Ayman S. Ibrahim, senior fellow for the Jenkins Center for the Christian Understanding of Islam at Southern Baptist Theological Seminary in Louisville, Ky., said the gruesome practice dates to a biographical text about Muslim prophet Muhammad, who is recorded to have taken a captive as his wife after killing her husband during a seventh century conflict with the Jewish tribe of Bani Qurayza. The practice was supposedly continued after Muhammad’s death by Muslim leader Khalid ibn al-Walid, who beheaded a notable man, named Malik, and fornicated with his widow, Ibrahim said.
“The evil deeds of ISIS and its commanders will continue, supported by what they claim to be sacred — ancient holy texts. The voice of these texts is louder than contemporary reasoning,” Ibrahim blogged on the First Things journal of religion and public life. “If the Muslim community itself does not counter the claims offered by militant Muslim groups, there can be no hope in overcoming the use of violence under the banner of religion.”
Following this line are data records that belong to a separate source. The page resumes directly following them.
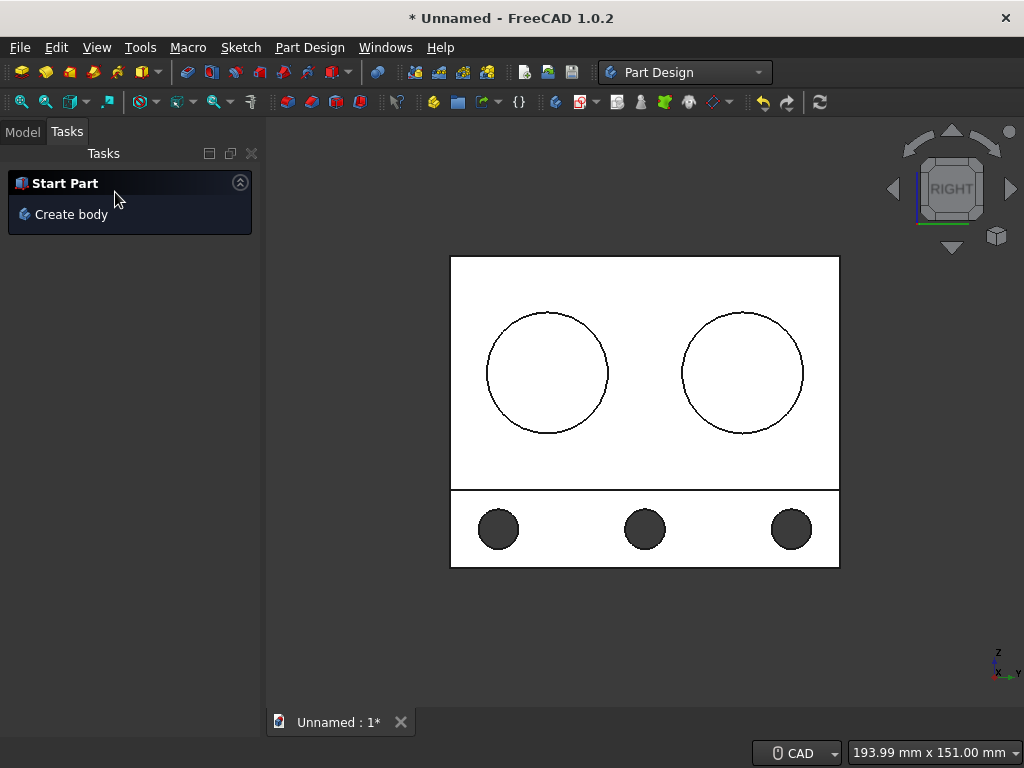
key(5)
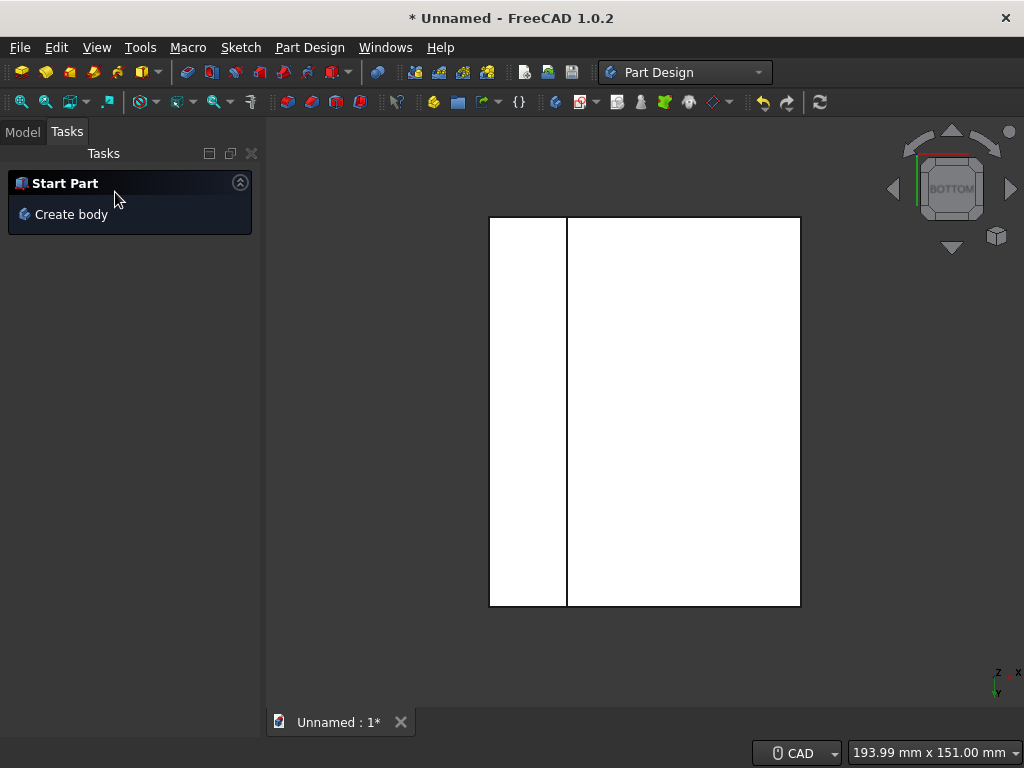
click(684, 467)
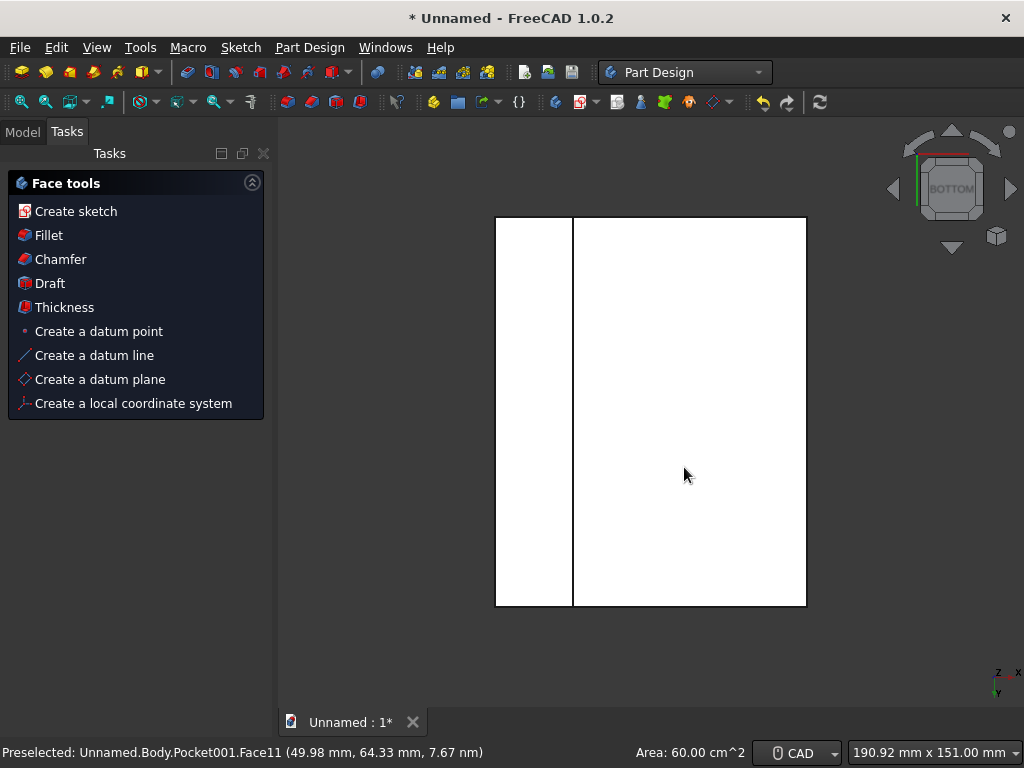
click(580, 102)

The rape of Mueller, a 26-year-old humanitarian aid worker whom ISIS captured in August 2013 in Turkey along with her Syrian boyfriend, was revealed months after her February murder. U.S. intelligence officials confirmed in June Mueller’s sexual enslavement by ISIS leader Abu Bakr al-Baghdadi, her parents told the Associated Press.
“They told us that he married her, and we all understand what that means,” the Associated Press quoted her father Carl Mueller. “Kayla did not marry this man,” her mother Marsha Mueller added. “He took her to his room and he abused her and she came back crying.”
Mueller was among perhaps thousands of women and girls captured and systematically tortured and repeatedly raped by ISIS, according to numbers released in March by Human Rights Watch.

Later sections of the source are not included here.